Notice the difference between

a) a program is unbounded.
b) a program has an unbounded feasible region.

Any unbounded program has an unbounded feasible region. The exercise asks
you to give an example showing that the converse does not hold. For this,
think geometrically and draw some linear programs in dimension 2. You can
find such examples there.


Best,

Kai-Uwe Bux

 

[Martijn van Buul]

* gwowen:

Not in undergraduate lecture notes, which are much more informal.

Your problem, not mine. Don't make any claims then. You're the one who takes
an informal explanation out of context, not me.

Anyway, go find one of the numerous mathematicians of your
acquaintance and ask them what the definition an "unbounded linear
program" is. Then ask them what the definition of "unbounded feasible
region" is.

Irrelevant. I didn't question the validity of that statement. I questioned
the validity of your "argument".

Then, come back, and admit that I know of what I speak.

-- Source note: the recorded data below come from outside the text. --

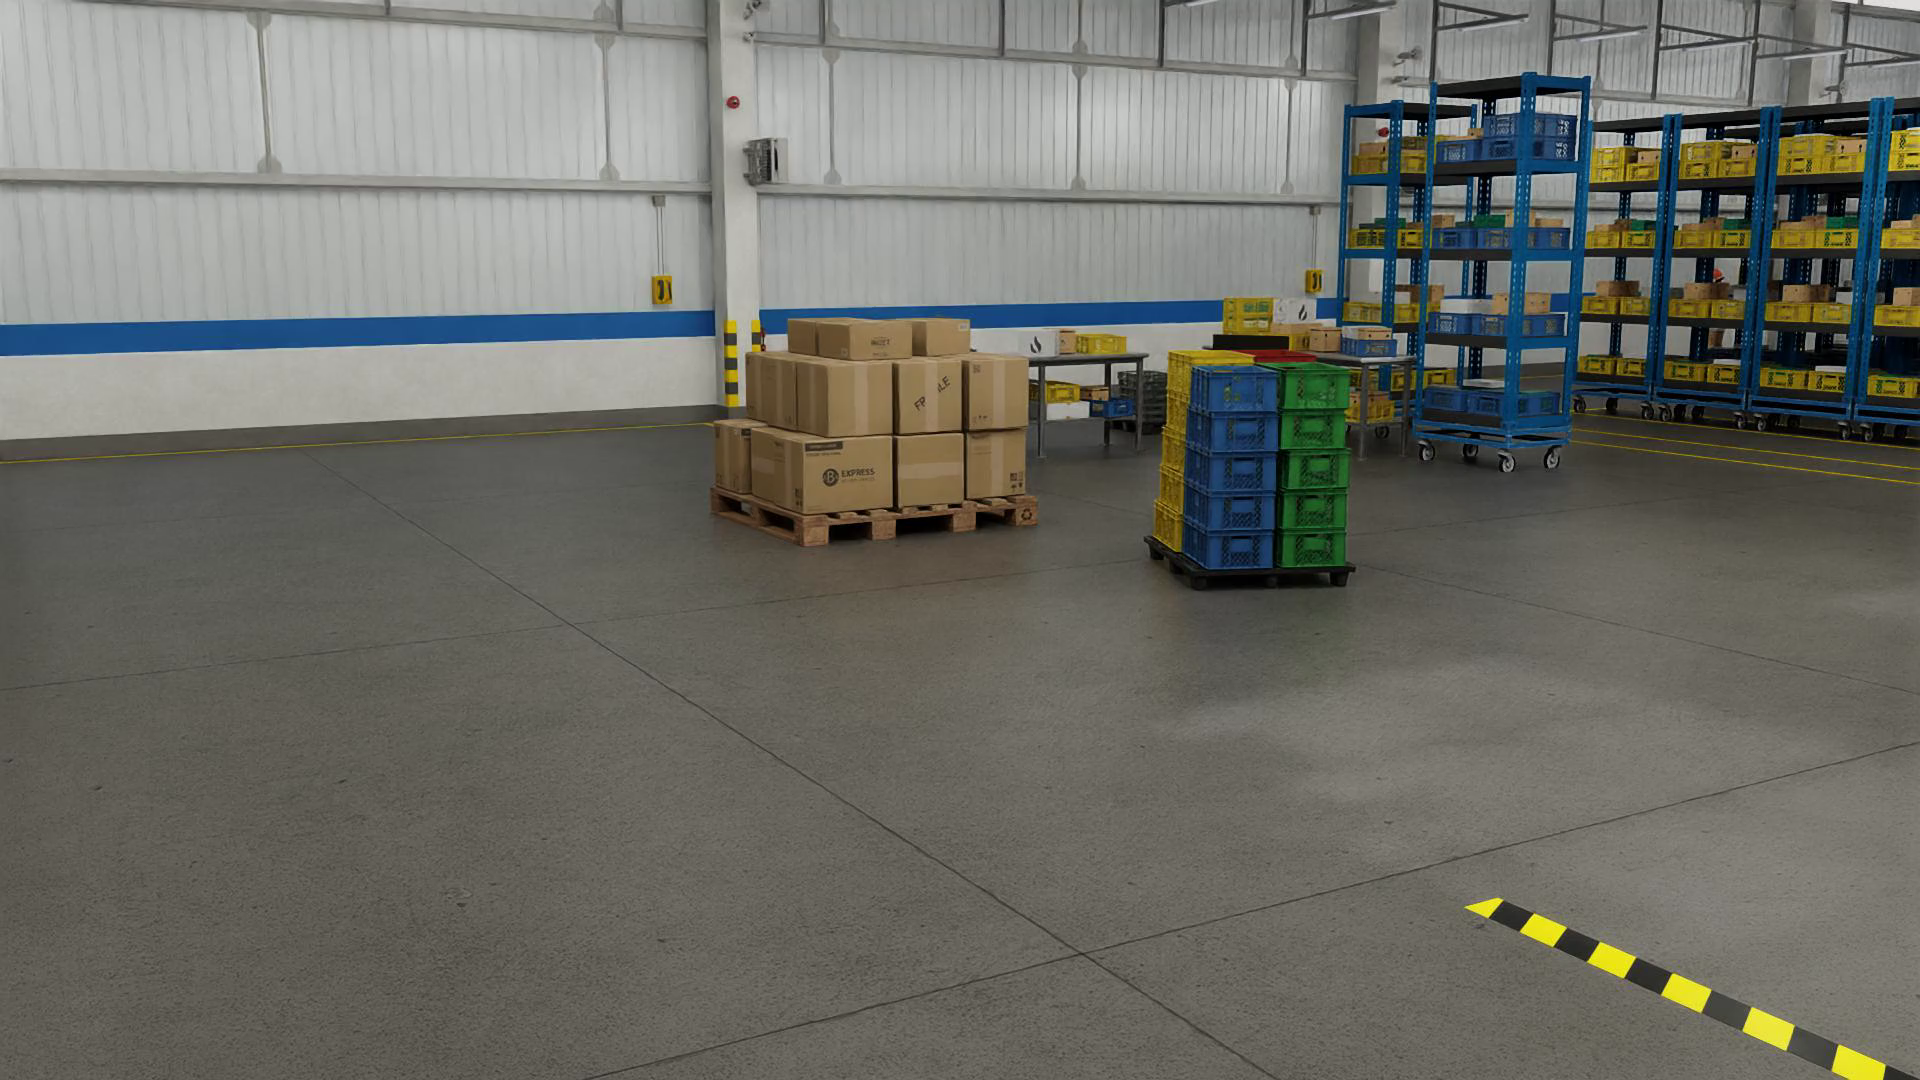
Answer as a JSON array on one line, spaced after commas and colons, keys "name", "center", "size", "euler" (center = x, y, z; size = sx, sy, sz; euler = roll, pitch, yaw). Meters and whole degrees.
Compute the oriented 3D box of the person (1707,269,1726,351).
[{"name": "person", "center": [11.331, -3.209, 25.070], "size": [0.563, 1.742, 0.359], "euler": [-9, 13, -40]}]
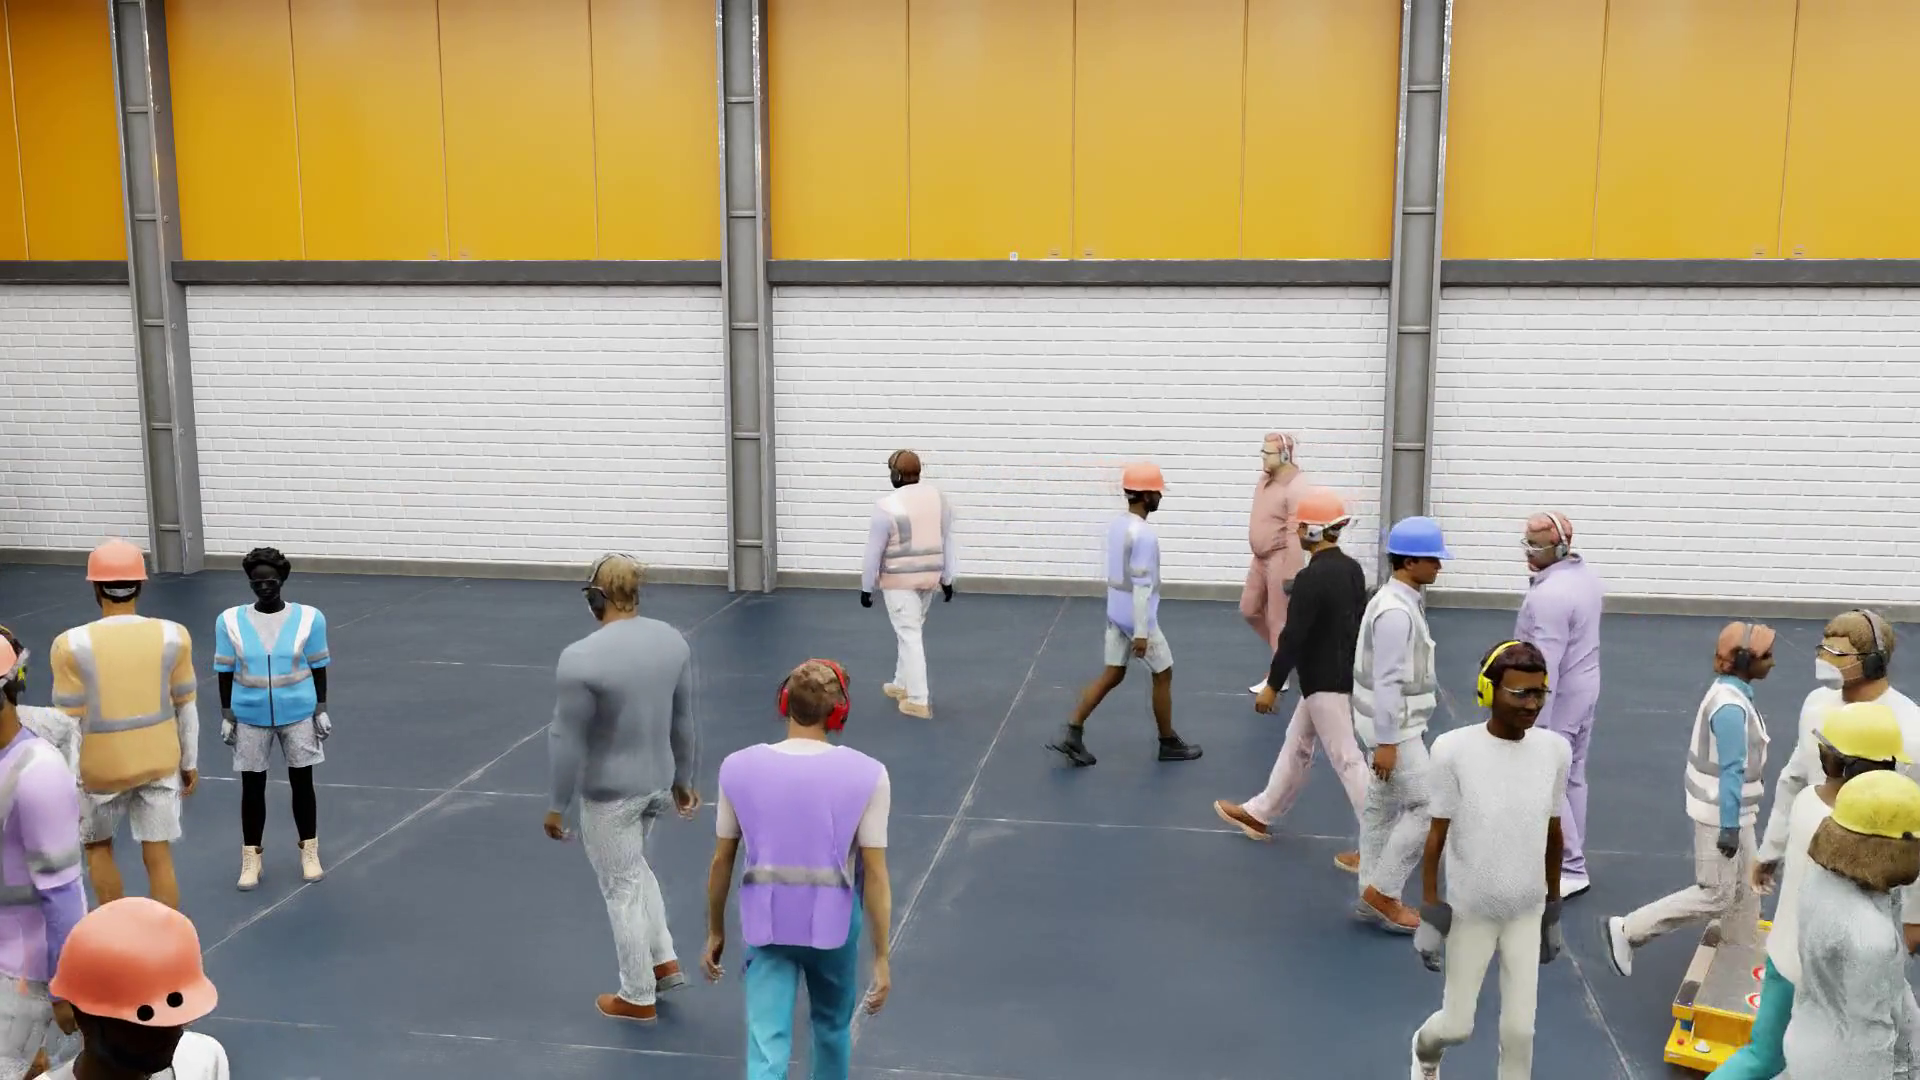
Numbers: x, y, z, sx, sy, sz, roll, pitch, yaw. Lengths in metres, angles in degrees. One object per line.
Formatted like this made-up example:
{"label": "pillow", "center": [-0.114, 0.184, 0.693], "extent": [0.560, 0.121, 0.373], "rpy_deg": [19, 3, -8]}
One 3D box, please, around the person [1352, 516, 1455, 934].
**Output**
{"label": "person", "center": [2.029, 0.848, 7.589], "extent": [0.479, 1.930, 0.642], "rpy_deg": [3, 10, 16]}

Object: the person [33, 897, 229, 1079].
{"label": "person", "center": [-1.541, 1.593, 3.167], "extent": [1.013, 1.870, 0.546], "rpy_deg": [6, 11, 32]}

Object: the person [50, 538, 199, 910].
{"label": "person", "center": [-3.503, 0.948, 7.023], "extent": [0.569, 1.914, 0.508], "rpy_deg": [-7, 12, -39]}

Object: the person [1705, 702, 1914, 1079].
{"label": "person", "center": [2.649, 1.334, 5.235], "extent": [0.844, 1.725, 0.506], "rpy_deg": [2, 9, 11]}

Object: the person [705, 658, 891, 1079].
{"label": "person", "center": [-0.538, 1.287, 5.378], "extent": [0.625, 1.788, 0.999], "rpy_deg": [1, 9, 4]}

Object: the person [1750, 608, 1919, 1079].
{"label": "person", "center": [3.001, 1.167, 5.775], "extent": [1.031, 1.880, 0.647], "rpy_deg": [0, 9, 0]}

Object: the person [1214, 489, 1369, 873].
{"label": "person", "center": [1.801, 0.706, 8.506], "extent": [1.067, 1.928, 0.610], "rpy_deg": [6, 11, 32]}

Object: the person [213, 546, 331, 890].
{"label": "person", "center": [-3.377, 0.868, 8.199], "extent": [0.530, 1.697, 0.321], "rpy_deg": [-3, 10, -19]}

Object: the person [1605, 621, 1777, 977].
{"label": "person", "center": [3.096, 1.119, 6.888], "extent": [0.628, 1.614, 0.513], "rpy_deg": [5, 11, 29]}

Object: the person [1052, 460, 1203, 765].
{"label": "person", "center": [1.016, 0.453, 10.154], "extent": [0.945, 1.902, 0.558], "rpy_deg": [-3, 10, -17]}

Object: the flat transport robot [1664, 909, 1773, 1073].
{"label": "flat transport robot", "center": [3.308, 1.822, 6.704], "extent": [0.652, 0.197, 1.431], "rpy_deg": [6, 11, 31]}

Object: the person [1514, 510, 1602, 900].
{"label": "person", "center": [2.941, 0.786, 8.152], "extent": [0.439, 1.894, 0.830], "rpy_deg": [7, 12, 37]}

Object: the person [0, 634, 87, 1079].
{"label": "person", "center": [-2.842, 1.236, 4.978], "extent": [0.422, 2.013, 0.607], "rpy_deg": [-8, 12, -41]}

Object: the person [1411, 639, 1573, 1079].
{"label": "person", "center": [1.755, 1.219, 5.553], "extent": [0.532, 1.853, 0.702], "rpy_deg": [-1, 9, -6]}

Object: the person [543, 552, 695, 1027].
{"label": "person", "center": [-1.362, 1.006, 6.694], "extent": [0.449, 1.922, 0.633], "rpy_deg": [5, 11, 30]}

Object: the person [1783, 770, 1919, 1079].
{"label": "person", "center": [2.395, 1.449, 4.503], "extent": [0.383, 1.730, 0.513], "rpy_deg": [2, 9, 14]}

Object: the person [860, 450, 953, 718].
{"label": "person", "center": [-0.434, 0.280, 11.447], "extent": [0.661, 1.815, 0.783], "rpy_deg": [-8, 12, -40]}

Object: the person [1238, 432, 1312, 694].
{"label": "person", "center": [2.250, 0.167, 11.915], "extent": [0.419, 1.892, 0.672], "rpy_deg": [-3, 10, -15]}

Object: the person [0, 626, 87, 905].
{"label": "person", "center": [-3.326, 1.196, 5.794], "extent": [0.532, 1.831, 0.917], "rpy_deg": [-9, 13, -44]}
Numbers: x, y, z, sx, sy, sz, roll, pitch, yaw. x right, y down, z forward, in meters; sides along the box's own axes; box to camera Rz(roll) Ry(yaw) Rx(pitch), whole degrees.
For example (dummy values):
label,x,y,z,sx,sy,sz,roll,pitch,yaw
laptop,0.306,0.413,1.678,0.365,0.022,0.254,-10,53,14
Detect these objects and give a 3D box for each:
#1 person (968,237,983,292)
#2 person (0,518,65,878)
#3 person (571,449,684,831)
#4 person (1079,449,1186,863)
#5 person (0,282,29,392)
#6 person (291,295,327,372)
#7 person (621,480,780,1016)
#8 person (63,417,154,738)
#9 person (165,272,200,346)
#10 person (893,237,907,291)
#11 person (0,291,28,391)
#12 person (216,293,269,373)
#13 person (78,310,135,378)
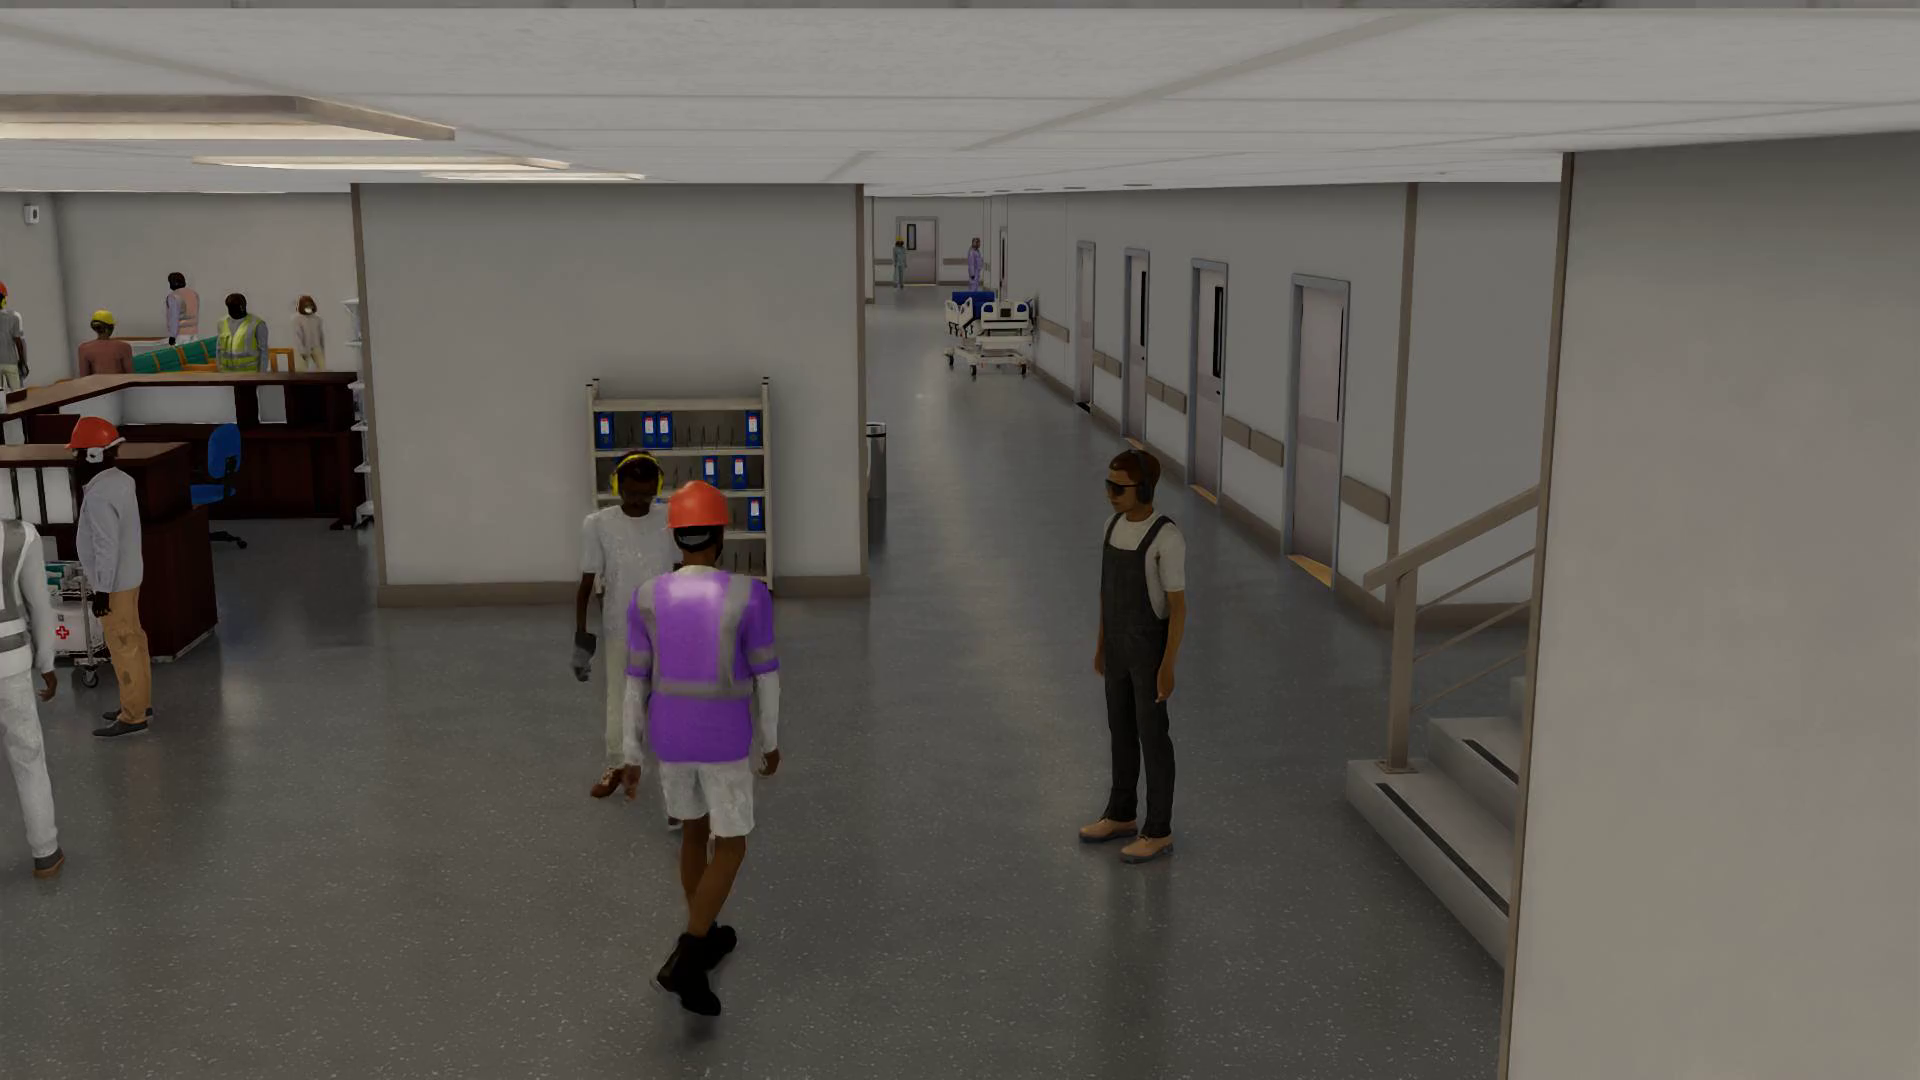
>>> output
label,x,y,z,sx,sy,sz,roll,pitch,yaw
person,0.425,-7.283,45.320,0.398,1.900,0.635,3,12,13
person,-4.149,0.553,7.049,0.576,1.881,0.354,-7,14,-31
person,-1.498,0.444,7.797,0.642,1.806,0.918,-4,12,-18
person,0.777,0.505,7.373,0.328,1.842,0.514,-7,14,-32
person,-11.662,-2.180,20.270,0.551,1.935,0.372,-3,12,-15
person,-9.291,-2.701,23.683,0.793,1.584,0.509,10,15,39
person,-0.984,0.755,6.048,0.556,1.897,0.815,3,12,15
person,-4.653,0.197,9.103,0.330,1.751,0.564,-3,12,-16
person,-11.718,-3.111,25.070,0.429,1.839,0.621,2,12,10
person,-1.928,-8.901,53.627,0.532,1.734,0.319,-7,13,-30
person,-11.534,-2.093,20.022,0.520,1.869,0.333,-6,13,-25
person,-8.419,-1.971,19.501,0.621,1.838,0.429,1,12,5
person,-8.996,-1.545,17.593,0.527,1.765,0.328,-4,12,-19

Oh, I'll admit what I already know:

You're awfully full of yourself, but have very little to show. But that
applies to a lot of people here, so you're in good company.

 

[Kai-Uwe Bux]

* gwowen:

Uh, most mathematicians I know would have used "if and only if" or
any of its alternatives in that case; in writing it would've been 'iff'.

That does not match my experience. In _defintions_ you don't say "if and
only if". Examples:

A group G is called commutative or abelian if ab=ba for all a,b in G.

Or:

A group G is called commutative or abelian if its group law is
commutative.

I am not aware of a mathematician who would use "if and only if" within a
definition, e.g.:

A group G is called abelian if and only if ab=ba for all a,b in G.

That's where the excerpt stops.